The interpreter also attempts to intercept faults in the virtual machine buffer, but there is a bug in this code: the interpreter uses the wrong offset for fetching the faulting address from the Exception Record. This results in a crash in the interpreter while it is searching the length buffer for the exception address. This bug also demonstrates the recursive exception problem described above.
The virus that the interpreter runs begins by requesting the API addresses from the interpreter. The virus copies them to a local buffer, and caches the FindFirstFile, FindNextFile, and CreateFile addresses in registers, but the values are lost during a memory allocation that follows immediately. The caching might have been for debugging purposes to see the values, because the addresses are loaded again later, as needed. The virus enumerates the objects in the current directory, but discards the first two results, and begins examining the objects from the third one that is found. There is a minor bug in this idea, which is that the virus might miss some files whose names cause the directory sorting to place them before the ‘.’ and ‘..’ directories.
The virus attempts to check that the extension is ‘.exe’, but forgets to check for the ‘.’, so a file named ‘exe’ is also accepted. The virus attempts to open the file, allocate memory to hold the entire file plus another 4KB, read the whole file, and then close it. The only operation whose result is checked is the file open. The virus assumes that the other operations will succeed, or that the exception handler in the interpreter will intercept any problem (but, as we have seen above, this is not the case). There is another bug in this code, which is that neither the interpreter nor the virus frees any of the memory that they allocate. If enough large files exist in the directory, then eventually the process will be terminated by Windows due to memory exhaustion. The virus skips the file if it is infected already. The infection marker is the value ‘EEEE’ stored in the OEM ID space in the MZ header.
The infection routine contains numerous bugs, the most obvious of which is that the virus does not check the Machine field when infecting files, so 64-bit files will be corrupted. The virus does not check other important fields either, so DLLs and drivers will be infected, too. The virus marks the last section as writable but not executable, so it will fail to run on DEP systems if the last section was not already marked as executable.
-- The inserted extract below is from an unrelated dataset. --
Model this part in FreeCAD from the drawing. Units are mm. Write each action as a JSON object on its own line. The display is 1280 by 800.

The virus saves the absolute address of the host entry point in the virus body, so the virus will fail to run the host if the host supports ASLR.
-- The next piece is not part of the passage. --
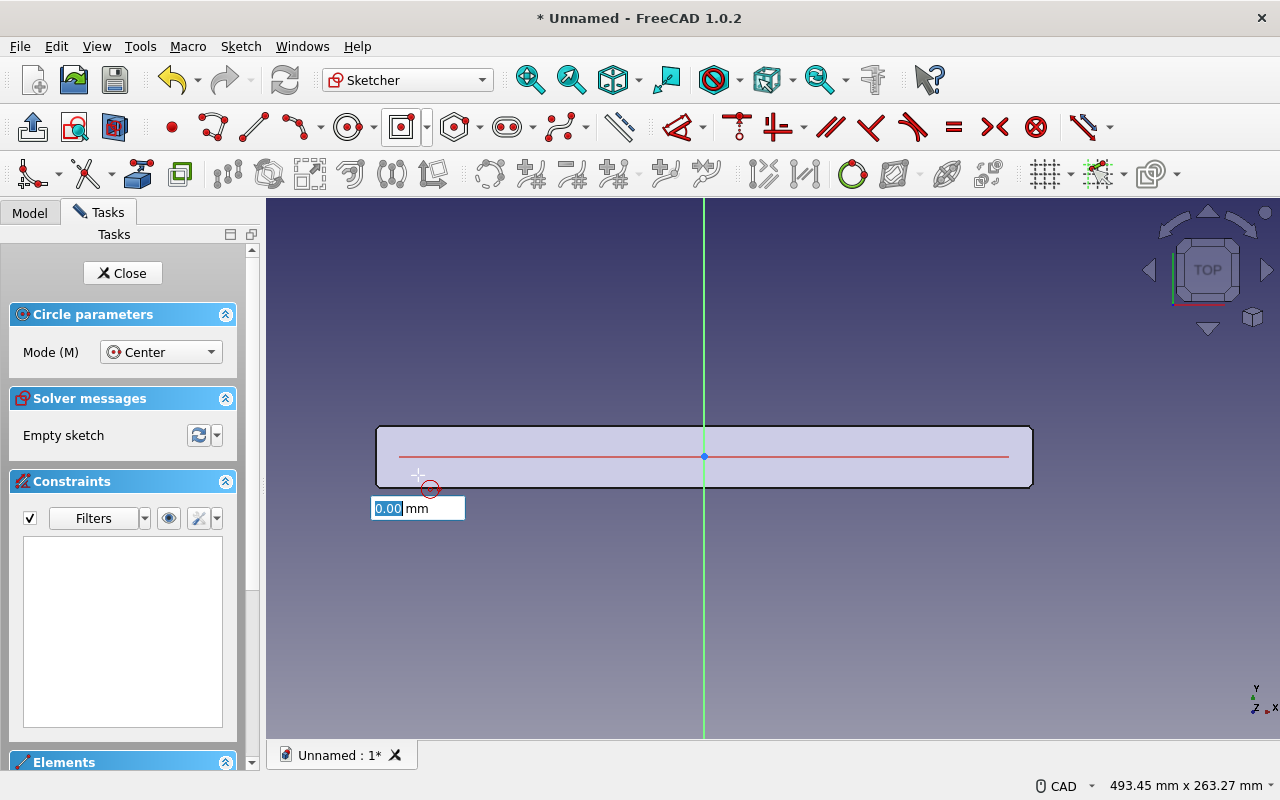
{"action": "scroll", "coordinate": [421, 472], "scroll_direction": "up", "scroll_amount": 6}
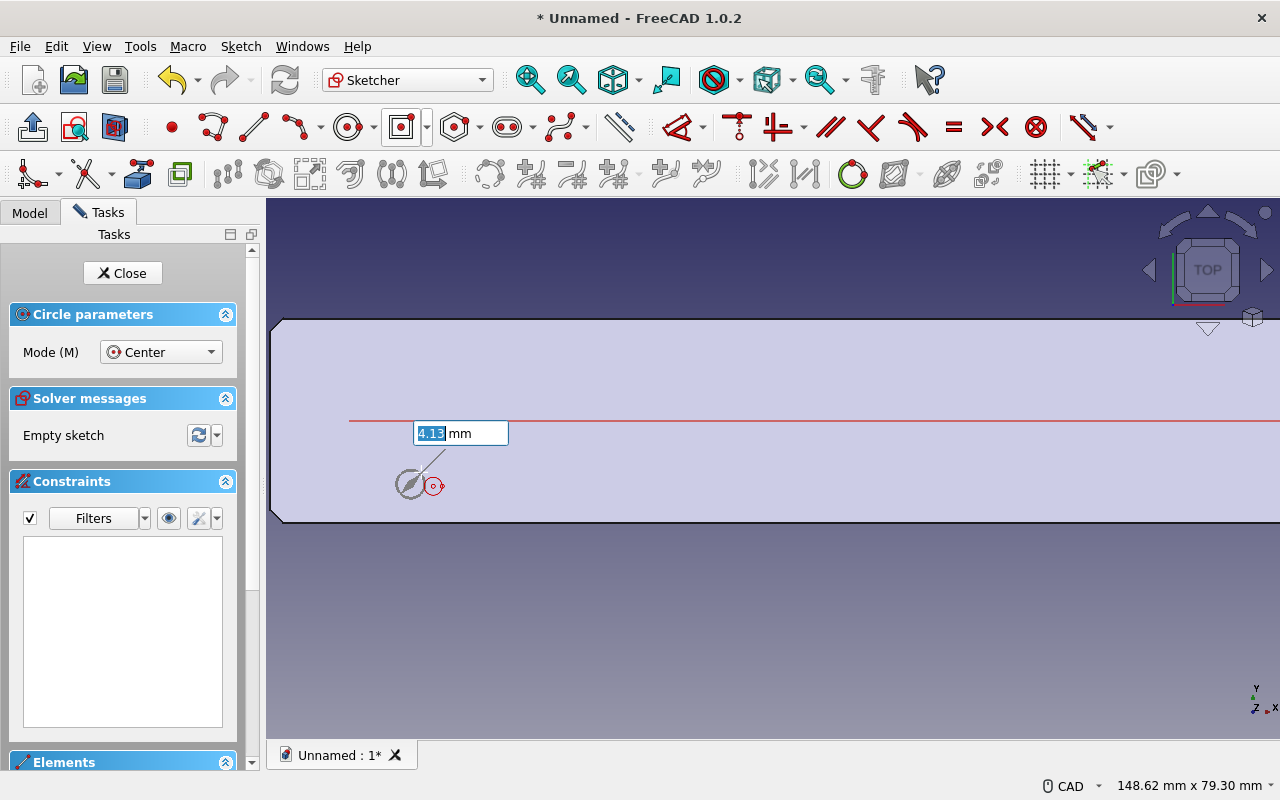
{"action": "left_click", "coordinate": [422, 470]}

The virus fetches the Load Configuration Table data directory information, and assumes that if it is present, then it is located in the first section. This can result in a pointer to an unexpected location in the file. The virus attempts to zero out the actual table, instead of the data directory entry. The virus appends itself to the last section and changes the host entry point to point to the interpreter code. It then attempts to open the file, write itself, and close the file again. The virus does not check that the file attributes allow the file to be written to, and it does not do anything with the file’s date and time stamps or the checksum. Files with appended data will have their appended data overwritten by the virus code. Once the virus has finished enumerating the files, it returns control to the host.